During last month’s PRACE Days in Dublin – where I enjoyed talks on improvements in codes and methods in areas as diverse as CFD, RTM in geophysics, and in genomics – I saw once again that “hero” performance improvements happen and happen regularly.
Today’s processor, memory and I/O characteristics are complex – but there often are quick wins out there. There’s a buzz when you hear results like “2x speedup in just one afternoon” or “25% faster in three days” at conferences. The tragedy is that applications can run inefficiently for months before someone looks at their performance.
One stand-out talk at PRACE Days described a group’s work that led to a 6-fold speedup in a mission-critical industrial code. We were honored to see they chose Allinea Performance Reports to both guide their work and explain the results to the audience.
Their formula is simpler than a PDE: observation plus effort equals performance improvement.
Observation comes first: by benchmarking and characterizing applications (“observation”) we determine the right “effort” and find the wins faster.
- Is I/O the bottleneck – applications often have sub-optimal data access patterns or make incorrect assumptions about file systems – nothing is faster than doing better or less I/O.
- Are MPI or OpenMP throwing away half of your cycles? Consider how to run the same application differently or put development time into optimization.
- Is memory bandwidth your problem – main memory is around 10x slower to access than L1 cache. Can you restructure your memory access to improve it?
- Is compute using the AVX unit – vectorization gets 4x the double precision performance of a regular instruction?
That’s what we created Allinea Performance Reports to find out. It’s our low overhead, zero-configuration performance tool that measures and characterizes applications with no fuss.
It also gives guidance on the next steps to improve performance.

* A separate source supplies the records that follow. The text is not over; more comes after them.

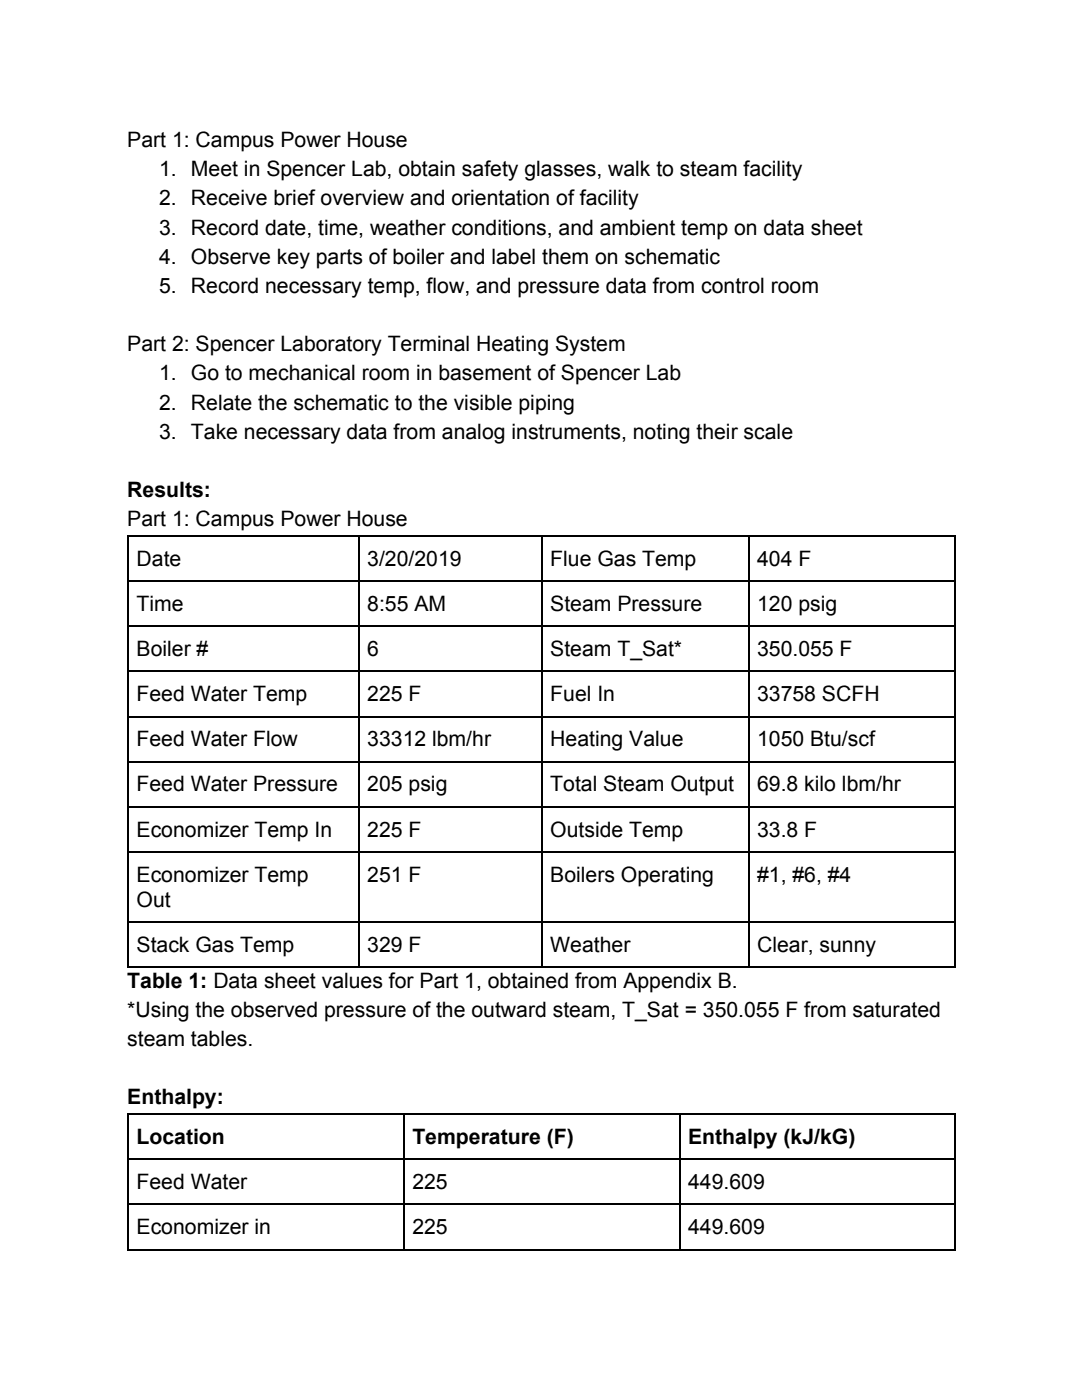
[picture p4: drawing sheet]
<svg xmlns="http://www.w3.org/2000/svg" width="216mm" height="279mm" viewBox="0 0 216 279" stroke-linecap="round" stroke-linejoin="round" font-family="sans-serif">
<defs><g id="words">
<g font-size="4.2">
<text x="25.4" y="29.4">Part 1: Campus Power House</text>
<text x="31.7" y="35.2">1. Meet in Spencer Lab, obtain safety glasses, walk to steam facility</text>
<text x="31.7" y="41">2. Receive brief overview and orientation of facility</text>
<text x="31.7" y="46.8">3. Record date, time, weather conditions, and ambient temp on data sheet</text>
<text x="31.7" y="52.7">4. Observe key parts of boiler and label them on schematic</text>
<text x="31.7" y="58.5">5. Record necessary temp, flow, and pressure data from control room</text>
<text x="25.4" y="70.1">Part 2: Spencer Laboratory Terminal Heating System</text>
<text x="31.7" y="75.9">1. Go to mechanical room in basement of Spencer Lab</text>
<text x="31.7" y="81.8">2. Relate the schematic to the visible piping</text>
<text x="31.7" y="87.6">3. Take necessary data from analog instruments, noting their scale</text>
<text x="25.4" y="99.2">Results:</text>
<text x="25.4" y="105">Part 1: Campus Power House</text>
<text x="27.3" y="113">Date</text>
<text x="73.3" y="113">3/20/2019</text>
<text x="109.8" y="113">Flue Gas Temp</text>
<text x="151.1" y="113">404 F</text>
<text x="27.3" y="122">Time</text>
<text x="73.3" y="122">8:55 AM</text>
<text x="109.8" y="122">Steam Pressure</text>
<text x="151.1" y="122">120 psig</text>
<text x="27.3" y="131">Boiler #</text>
<text x="73.3" y="131">6</text>
<text x="109.8" y="131">Steam T_Sat*</text>
<text x="151.1" y="131">350.055 F</text>
<text x="27.3" y="140">Feed Water Temp</text>
<text x="73.3" y="140">225 F</text>
<text x="109.8" y="140">Fuel In</text>
<text x="151.1" y="140">33758 SCFH</text>
<text x="27.3" y="149">Feed Water Flow</text>
<text x="73.3" y="149">33312 lbm/hr</text>
<text x="109.8" y="149">Heating Value</text>
<text x="151.1" y="149">1050 Btu/scf</text>
<text x="27.3" y="158">Feed Water Pressure</text>
<text x="73.3" y="158">205 psig</text>
<text x="109.8" y="158">Total Steam Output</text>
<text x="151.1" y="158">69.8 kilo lbm/hr</text>
<text x="27.3" y="167">Economizer Temp In</text>
<text x="73.3" y="167">225 F</text>
<text x="109.8" y="167">Outside Temp</text>
<text x="151.1" y="167">33.8 F</text>
<text x="27.3" y="175.9">Economizer Temp</text>
<text x="73.3" y="175.9">251 F</text>
<text x="109.8" y="175.9">Boilers Operating</text>
<text x="151.1" y="175.9">#1, #6, #4</text>
<text x="27.3" y="181">Out</text>
<text x="27.3" y="190">Stack Gas Temp</text>
<text x="73.3" y="190">329 F</text>
<text x="109.8" y="190">Weather</text>
<text x="151.1" y="190">Clear, sunny</text>
<text x="25.4" y="197.1">Table 1: Data sheet values for Part 1, obtained from Appendix B.</text>
<text x="25.4" y="202.9">*Using the observed pressure of the outward steam, T_Sat = 350.055 F from saturated</text>
<text x="25.4" y="208.8">steam tables.</text>
<text x="25.4" y="220.4">Enthalpy:</text>
<text x="27.3" y="228.3">Location</text>
<text x="82.3" y="228.3">Temperature (F)</text>
<text x="137.3" y="228.3">Enthalpy (kJ/kG)</text>
<text x="27.3" y="237.3">Feed Water</text>
<text x="82.3" y="237.3">225</text>
<text x="137.3" y="237.3">449.609</text>
<text x="27.3" y="246.3">Economizer in</text>
<text x="82.3" y="246.3">225</text>
<text x="137.3" y="246.3">449.609</text>
</g>
</g></defs>
<g fill="none" stroke="#000" stroke-width=".26">
<path d="M25.4 116h165.4M25.4 107h165.4M25.5 106.9v86.2M71.6 106.9v86.2M108.1 106.9v86.2M149.4 106.9v86.2M190.6 106.9v86.2M25.4 134h165.4M25.4 125h165.4M25.4 152h165.4M25.4 143h165.4M25.4 170h165.4"/>
<path d="M25.4 161h165.4M25.4 184h165.4M25.4 193h165.4M25.4 231.4h165.4M25.4 222.4h165.4M25.5 222.2v27.3M80.6 222.2v27.3M135.6 222.2v27.3M190.6 222.2v27.3M25.4 240.4h165.4M25.4 249.4h165.4"/>
</g>
<use href="#words"/>
</svg>

For example, don’t fix the vectorization just yet if your real problem is higher up the list – it won’t help – you’ll just make your processor hungry for longer!
A new compiler, a compiler flag (do your users know that -O3 is not the fastest flag for production code?) or an afternoon hands-on with our profiler Allinea MAP can all be far more effective than hardware changes.
Supercomputing centers such as those at KTH in Sweden or FZ Juelich in Germany have many varied workloads – they are applying Performance Reports to a wide spectrum of applications – discovering those that are running well and those that are not.
Guided to the right applications – scientists and developers can then take to Allinea Forge, our HPC developers’ tool suite that includes our DDT debugger and MAP profiler.
Performance isn’t just a one-off exercise – another site has a development team that integrates benchmarking with Performance Reports into their continuous integration and testing regime – so that hard won improvements are not inadvertently lost!
HPC-dependent organizations sometimes struggle to focus limited resources on application performance – but who wouldn’t want to leapfrog the competition or increase the research contribution of their organizations immediately?
Quick wins are out there waiting to be found – so give your users the tools, and they’ll finish the job!
David Lecomber is the CEO of Allinea Software.